Christians must strive to be godly citizens who honor their government authorities. Each of us are called to honor the government authority through our personal submission to their leadership, obedience to their laws, and the promotion of good in the realm of government. I trust the Spirit of God is convicting an area of our lives by the truth of His word this morning. Is there one area of your life that needs repentance. It’s always difficult to “honor” those who we might not feel are worthy of honor. The realm of government is polarizing in our community and in our churches – our country is divided by different political parties and everyone takes a side – and if you’re not on “my” party or agree with “my” stance there is name-calling and arguments. Evangelicals are supposed to align with one party and people’s salvation gets questioned if they don’t vote a certain way.
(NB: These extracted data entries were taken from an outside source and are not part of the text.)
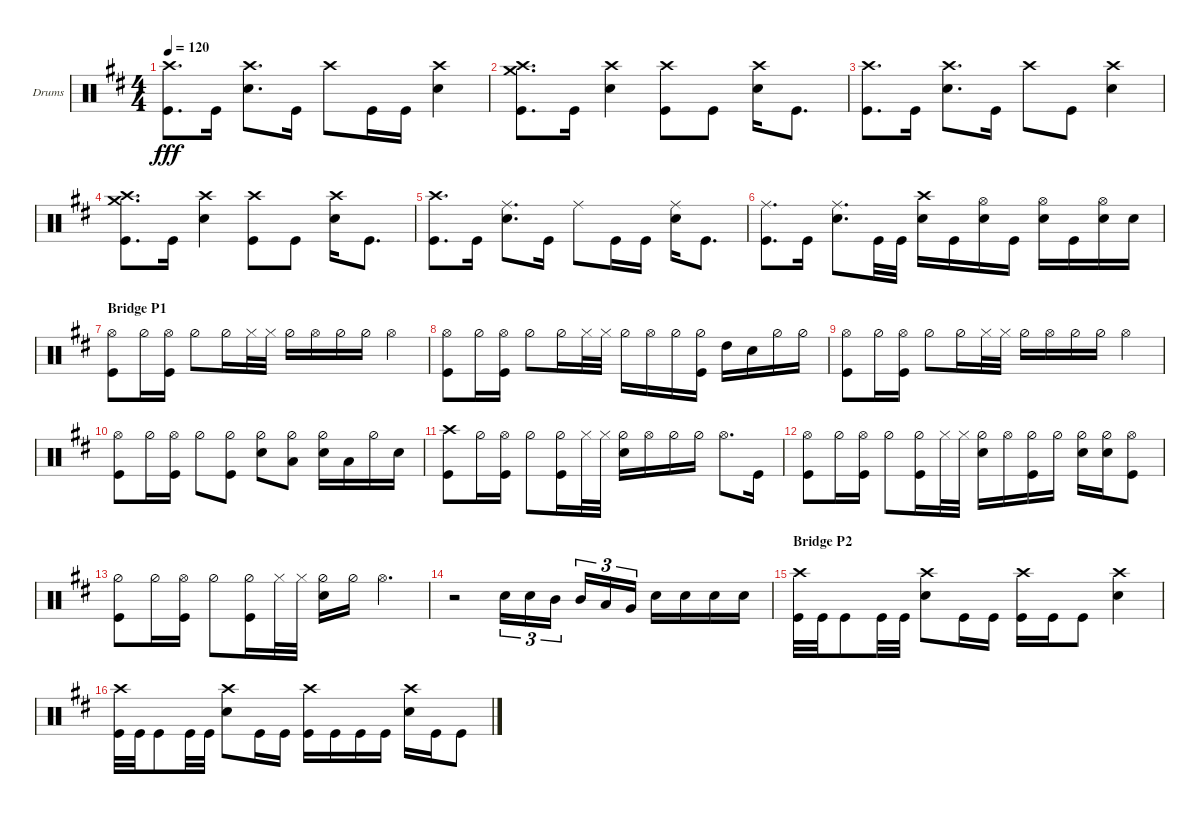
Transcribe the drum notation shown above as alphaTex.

\defaultSystemsLayout 4
\bracketExtendMode groupsimilarinstruments
\firstSystemTrackNameOrientation horizontal
\otherSystemsTrackNameOrientation horizontal
\track ("Garrett" "Drums") {instrument percussion}
\staff {score}
\articulation defaults
\ts (4 4)
\tempo 120
\clef neutral
\ks bminor
("Crash high (hit)" "Kick (hit)").8{d dy fff} "Kick (hit)".16 ("Snare (hit) 2" "Crash high (hit)").8{d} "Kick (hit)".16 "Crash high (hit)".8 "Kick (hit)".16 "Kick (hit)".16 ("Snare (hit) 2" "Crash high (hit)").4 |
("Crash high (hit)" "Kick (hit)" "Crash medium (hit)").8{d} "Kick (hit)".16 ("Snare (hit) 2" "Crash high (hit)").4 ("Crash high (hit)" "Kick (hit)").8 "Kick (hit)".8 ("Snare (hit) 2" "Crash high (hit)").16 "Kick (hit)".8{d} |
("Crash high (hit)" "Kick (hit)").8{d} "Kick (hit)".16 ("Snare (hit) 2" "Crash high (hit)").8{d} "Kick (hit)".16 "Crash high (hit)".8 "Kick (hit)".8 ("Snare (hit) 2" "Crash high (hit)").4 |
("Crash high (hit)" "Kick (hit)" "Crash medium (hit)").8{d} "Kick (hit)".16 ("Snare (hit) 2" "Crash high (hit)").4 ("Crash high (hit)" "Kick (hit)").8 "Kick (hit)".8 ("Snare (hit) 2" "Crash high (hit)").16 "Kick (hit)".8{d} |
("Crash high (hit)" "Kick (hit)").8{d} "Kick (hit)".16 ("Snare (hit) 2" "Ride (middle)").8{d} "Kick (hit)".16 "Ride (middle)".8 "Kick (hit)".16 "Kick (hit)".16 ("Snare (hit) 2" "Ride (middle)").16 "Kick (hit)".8{d} |
("Kick (hit)" "Ride (middle)").8{d} "Kick (hit)".16 ("Snare (hit) 2" "Ride (middle)").8{d} "Kick (hit)".32 "Kick (hit)".32 ("Snare (hit) 2" "Crash high (hit)").16 "Kick (hit)".16 ("Snare (hit) 2" "Hi-Hat (open)").16 "Kick (hit)".16 ("Snare (hit) 2" "Hi-Hat (open)").16 "Kick (hit)".16 ("Snare (hit) 2" "Hi-Hat (open)").16 "Snare (hit) 2".16 |
\section ("" "Bridge P1")
("Hi-Hat (open)" "Kick (hit)").8 "Hi-Hat (half)".16 ("Hi-Hat (open)" "Kick (hit)").16 "Hi-Hat (half)".8 "Hi-Hat (half)".16 "Hi-Hat (closed)".32 "Hi-Hat (closed)".32 "Hi-Hat (half)".16 "Hi-Hat (open)".16 "Hi-Hat (half)".16 "Hi-Hat (half)".16 "Hi-Hat (open)".4 |
("Hi-Hat (open)" "Kick (hit)").8 "Hi-Hat (half)".16 ("Hi-Hat (open)" "Kick (hit)").16 "Hi-Hat (half)".8 "Hi-Hat (half)".16 "Hi-Hat (closed)".32 "Hi-Hat (closed)".32 "Hi-Hat (half)".16 "Hi-Hat (open)".16 "Hi-Hat (half)".16 ("Hi-Hat (half)" "Kick (hit)").16 "High Tom (hit)".16 "Snare (hit) 2".16 "Hi-Hat (half)".16 "Hi-Hat (half)".16 |
("Hi-Hat (open)" "Kick (hit)").8 "Hi-Hat (half)".16 ("Hi-Hat (open)" "Kick (hit)").16 "Hi-Hat (half)".8 "Hi-Hat (half)".16 "Hi-Hat (closed)".32 "Hi-Hat (closed)".32 "Hi-Hat (half)".16 "Hi-Hat (open)".16 "Hi-Hat (half)".16 "Hi-Hat (half)".16 "Hi-Hat (open)".4 |
("Hi-Hat (open)" "Kick (hit)").8 "Hi-Hat (half)".16 ("Hi-Hat (open)" "Kick (hit)").16 "Hi-Hat (half)".8 ("Kick (hit)" "Hi-Hat (half)").8 ("Snare (hit) 2" "Hi-Hat (half)").8 ("Low Tom (hit)" "Hi-Hat (half)").8 ("Snare (hit) 2" "Hi-Hat (half)").16 "Low Tom (hit)".16 "Hi-Hat (half)".16 "Snare (hit) 2".16 |
("Kick (hit)" "Crash high (hit)").8 "Hi-Hat (half)".16 ("Hi-Hat (open)" "Kick (hit)").16 "Hi-Hat (half)".8 ("Hi-Hat (half)" "Kick (hit)").16 "Hi-Hat (closed)".32 "Hi-Hat (closed)".32 ("Hi-Hat (half)" "Snare (hit) 2").16 "Hi-Hat (open)".16 "Hi-Hat (half)".16 "Hi-Hat (half)".16 "Hi-Hat (open)".8{d} "Kick (hit)".16 |
("Hi-Hat (open)" "Kick (hit)").8 "Hi-Hat (half)".16 ("Hi-Hat (open)" "Kick (hit)").16 "Hi-Hat (half)".8 ("Hi-Hat (half)" "Kick (hit)").16 "Hi-Hat (closed)".32 "Hi-Hat (closed)".32 ("Hi-Hat (half)" "Snare (hit) 2").16 "Hi-Hat (open)".16 ("Hi-Hat (half)" "Kick (hit)").16 "Hi-Hat (half)".16 ("Hi-Hat (half)" "Snare (hit) 2").16 ("Snare (hit) 2" "Hi-Hat (half)").16 ("Kick (hit)" "Hi-Hat (open)").8 |
("Kick (hit)" "Hi-Hat (half)").8 "Hi-Hat (half)".16 ("Hi-Hat (open)" "Kick (hit)").16 "Hi-Hat (half)".8 ("Hi-Hat (half)" "Kick (hit)").16 "Hi-Hat (closed)".32 "Hi-Hat (closed)".32 ("Hi-Hat (half)" "Snare (hit) 2").16 "Hi-Hat (half)".16 "Hi-Hat (open)".4{d} |
r.2 "Snare (hit) 2".16{tu (3 2)} "Snare (hit) 2".16{tu (3 2)} "Mid Tom (hit)".16{tu (3 2)} "Mid Tom (hit)".16{tu (3 2)} "Low Tom (hit)".16{tu (3 2)} "Very Low Tom (hit)".16{tu (3 2)} "Snare (hit) 2".16 "Snare (hit) 2".16 "Snare (hit) 2".16 "Snare (hit) 2".16 |
\section ("" "Bridge P2")
("Kick (hit)" "Crash high (hit)").32 "Kick (hit)".32 "Kick (hit)".8 "Kick (hit)".32 "Kick (hit)".32 ("Snare (hit) 2" "Crash high (hit)").8 "Kick (hit)".16 "Kick (hit)".16 ("Kick (hit)" "Crash high (hit)").16 "Kick (hit)".16 "Kick (hit)".8 ("Snare (hit) 2" "Crash high (hit)").4 |
("Kick (hit)" "Crash high (hit)").32 "Kick (hit)".32 "Kick (hit)".8 "Kick (hit)".32 "Kick (hit)".32 ("Snare (hit) 2" "Crash high (hit)").8 "Kick (hit)".16 "Kick (hit)".16 ("Kick (hit)" "Crash high (hit)").16 "Kick (hit)".16 "Kick (hit)".16 "Kick (hit)".16 ("Snare (hit) 2" "Crash high (hit)").16 "Kick (hit)".16 "Kick (hit)".8

In the midst of all the division, will we live out the gospel by honoring our government authorities regardless of political party.
· By the power of the Holy Spirit poured generously poured out on us let’s be godly citizens who submit to their leadership and laws as long as they don’t cause us to compromise our obedience to God.
· By the power of the Holy Spirit generously poured out upon us let’s pay our taxes, let’s obey the speed limit and stop at stop sings (preaching to myself).
· By the power of the Holy Spirit generously poured out upon us let’s be ready to good in the realm of government—praying for them, voting for leaders and initiatives that fight oppression and injustice and protect life, and engage in doing good deeds to serve them.

B) Godly citizens respect their fellow-citizens (3:1c-2)

Let’s turn now to our second responsibility as a godly citizen from Titus. Christians must honor their government authority and Christians must respect their fellow-citizens. Christians must respect their fellow-citizens. We are called to respect those outside the church, our fellow citizens who don’t share our faith (lifestyle) and yet are made in the image of God nonetheless, and how we treat them matters deeply to God.
Notice the shift in audience – we move from our responsibilities to the government (“rulers and authorities” - 3:1) to our responsibilities in relation to our fellow people (“one” and “all men” – 3:2). We show our respect to our fellow citizens (specifically non-believing) in four specific ways.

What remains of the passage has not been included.